Mais dans ces mouvements nous avons aussi renforcé ce qui fut notre conviction depuis toujours : la politique est surtout l'expression cohérente et linéaire de nos propres idées. Si l'on tolère les court-circuits entre le dire et le faire, commence alors un processus d'égarement et de perte d'identité. Même le témoignage peut parfois avoir une valeur constructive et capable de générer les énergies nouvelles. Nous nous battrons sous le drapeau de « sans si et sans mais » chaque fois que cela sera nécessaire : sur la guerre, sur les retraites, sur les questions environnementales, sur les valeurs fondamentales, sur la laïcité et les droits des femmes. En étant incompatibles avec la guerre et avec le libéralisme, nous sommes incompatibles avec le capitalisme.

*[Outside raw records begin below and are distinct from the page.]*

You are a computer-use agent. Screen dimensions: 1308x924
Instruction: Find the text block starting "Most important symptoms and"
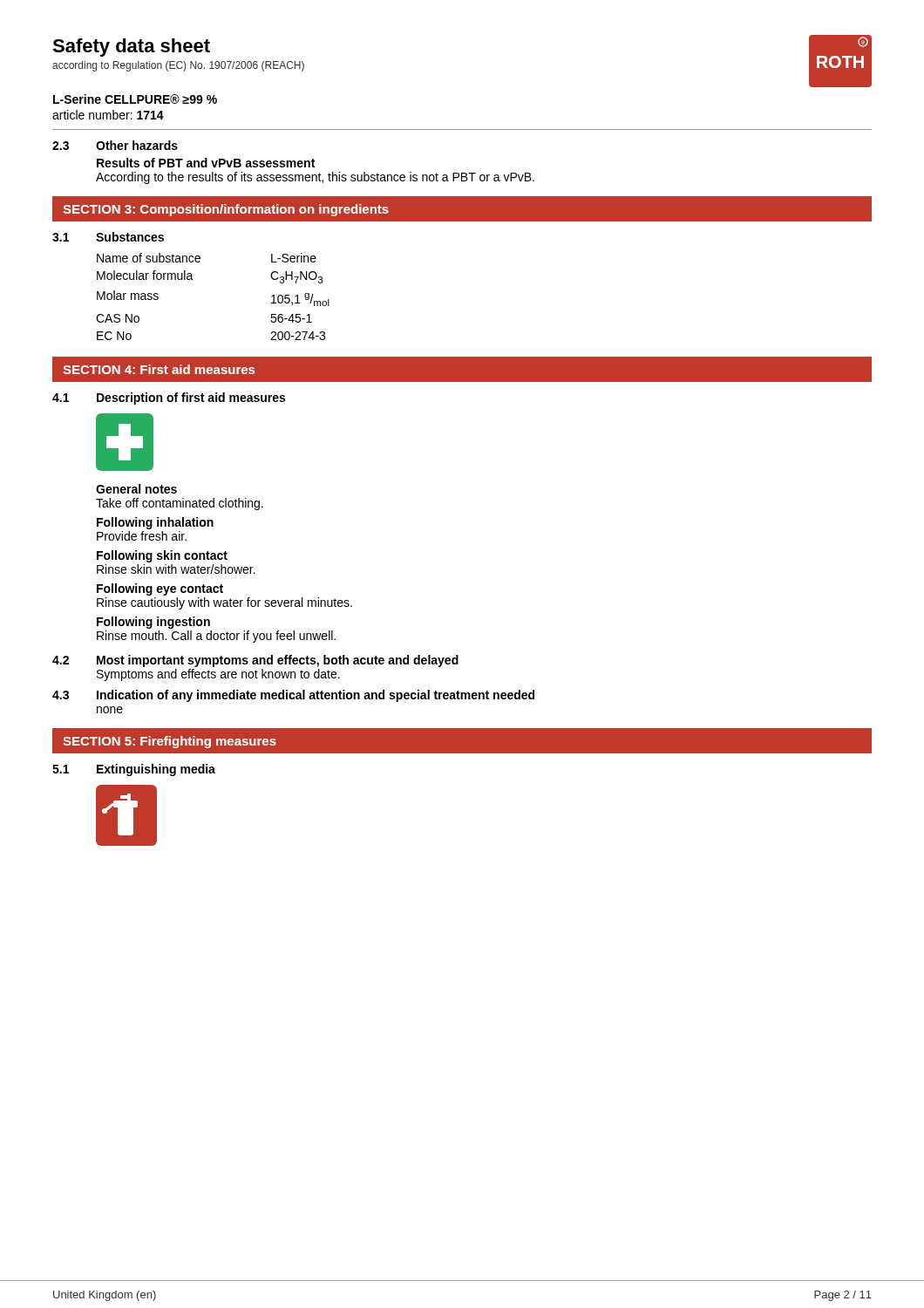277,667
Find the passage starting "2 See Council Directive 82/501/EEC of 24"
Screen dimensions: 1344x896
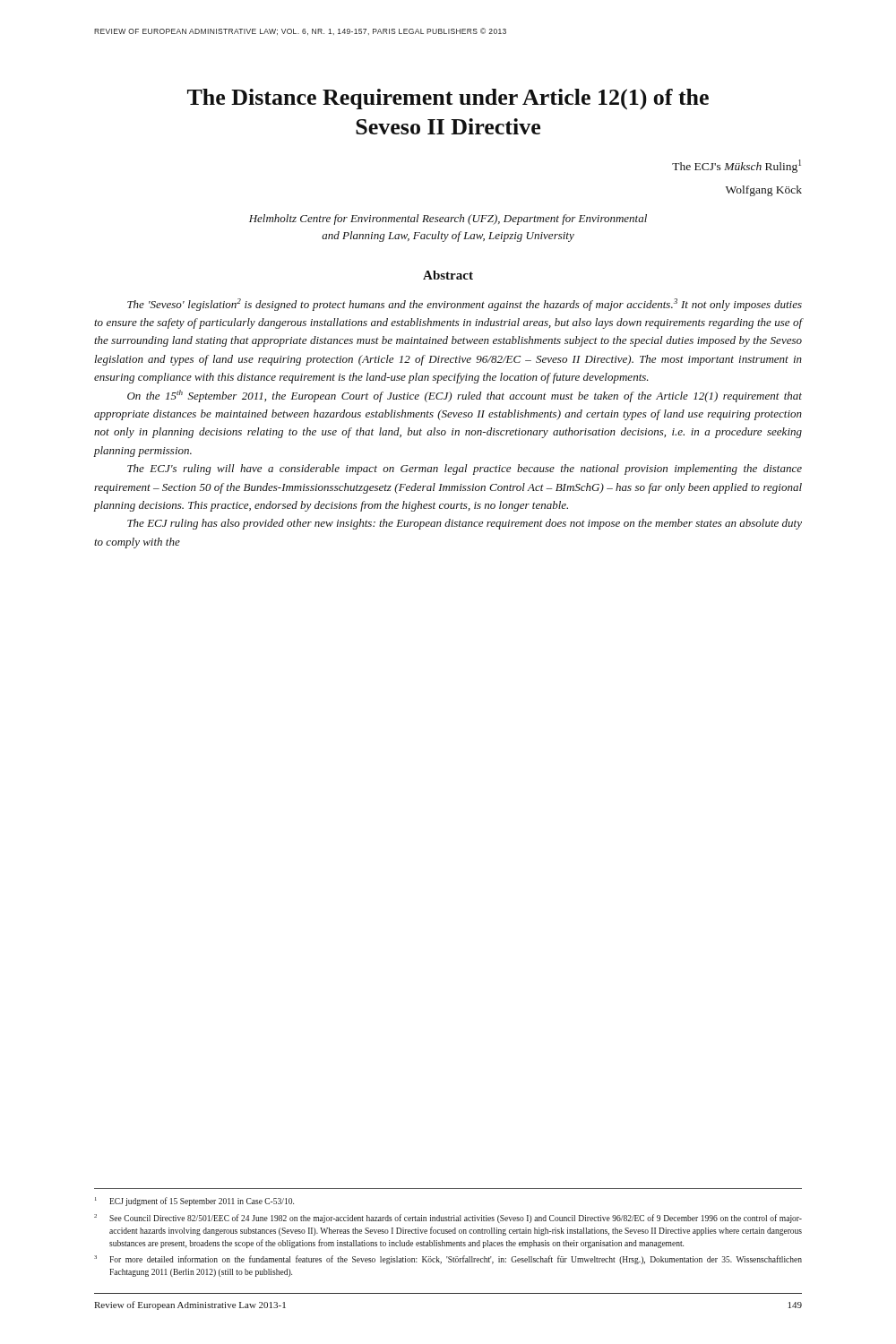point(448,1232)
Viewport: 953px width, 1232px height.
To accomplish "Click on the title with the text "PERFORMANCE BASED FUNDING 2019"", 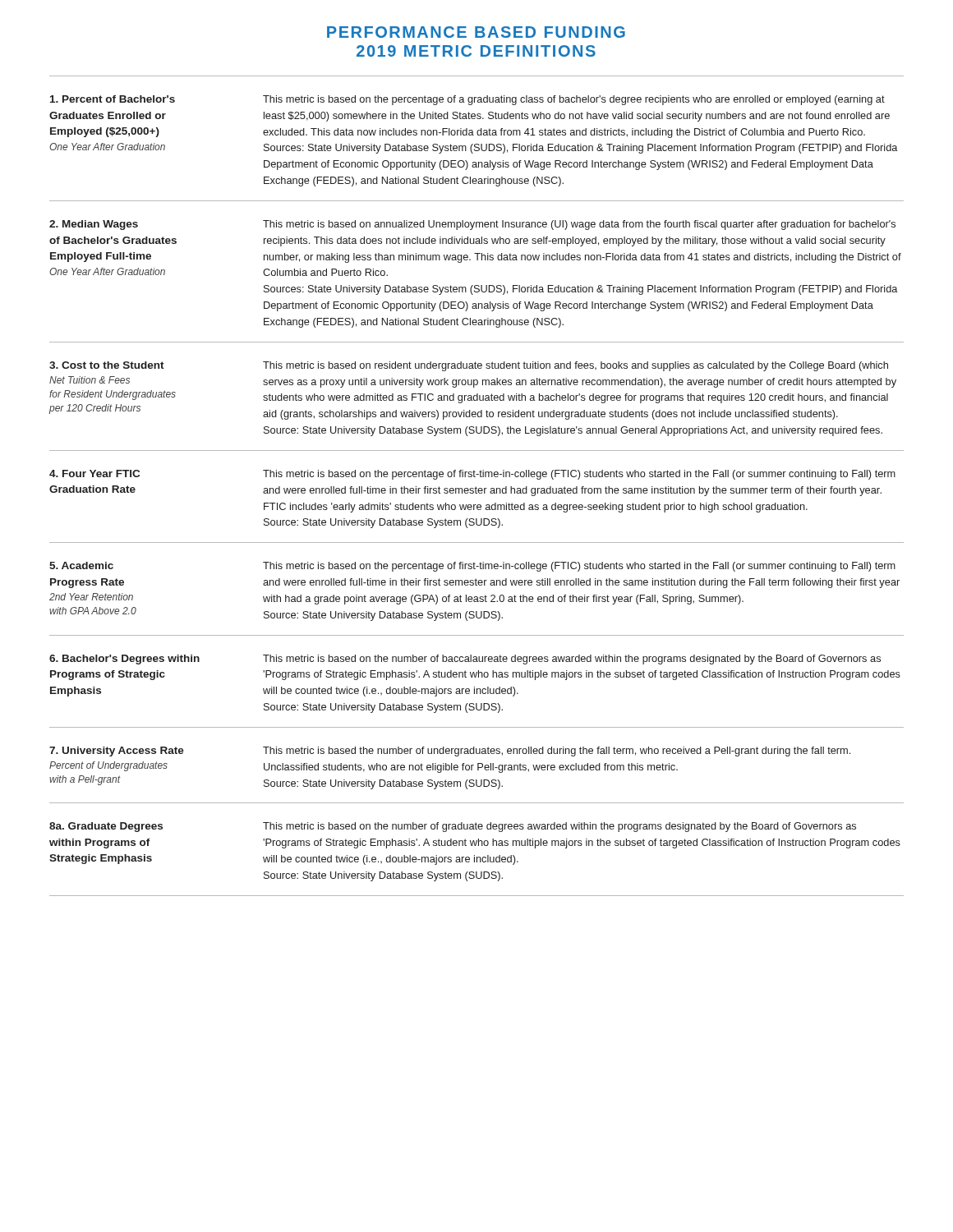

C'est cette gauche-là que nous avions construite, à laquelle a œuvré incessamment depuis ses débuts Rifondazione, un parti que j'ai contribué à faire naître avant beaucoup d'autres. Un parti militant, anticapitaliste, inséré dans les luttes sociales à partir des lieux du travail.

C'est cette gauche-là que je veux continuer à construire, ensemble avec d'autres camarades, pour l'avenir.

1. Quotidien du Parti de la Refondation communiste.

2. Il s'agit de Fausto Bertinotti, principal dirigeant du PRC.

3. L'ordre du jour présenté par Roberto Calderoli engage le gouvernement « à promouvoir toutes les initiatives visant à garantir la sûreté de notre personnel militaire et civil présent sur le territoire afghan ». Cette formule a été adoptée par le Sénat le 27 mars 2007 par 311 voix contre 3.

4. Enrico Boselli a été un des initiateurs de la « Rose au poing », une fédération entre le petit parti social-démocrate SDI et les Radicaux italiens, qui soutient la coalition de centre-gauche. Vittorio "Bobo" Craxi, fils de Bettino Craxi (dirigeant historique du Parti socialiste italien dont la carrière politique se termina en 1993 sous l'accusation de corruption) avait dirigé le Nouveau PSI, soutenu le gouvernement Berlusconi, avant de « virer à gauche » en fondant I socialisti (Les socialistes), qui a rejoint l'Unione. Actuellement secrétaire d'État aux affaires étrangères en charge des relations avec l'ONU.

5. Nom d'un quartier de Bologne où, le 12 novembre 1989, trois jours après la chute du mur de Berlin, Achille Occhetto, alors secrétaire général du Parti communiste italien, lors d'une rencontre avec certains vieux partisans et un parterre de journalistes annonçait la nécessité de prendre une « nouvelle voie » et de transformer « le parti en une chose plus grande et encore plus belle ». Ce « tournant de Bolognina » allait conduire à la transformation du PCI en Parti démocratique de la gauche en 1991, alors qu'une minorité du PCI formait, avec d'autres courants de la gauche radicale (dont la section italienne de la IVe Internationale) le Parti de refondation communiste (PRC).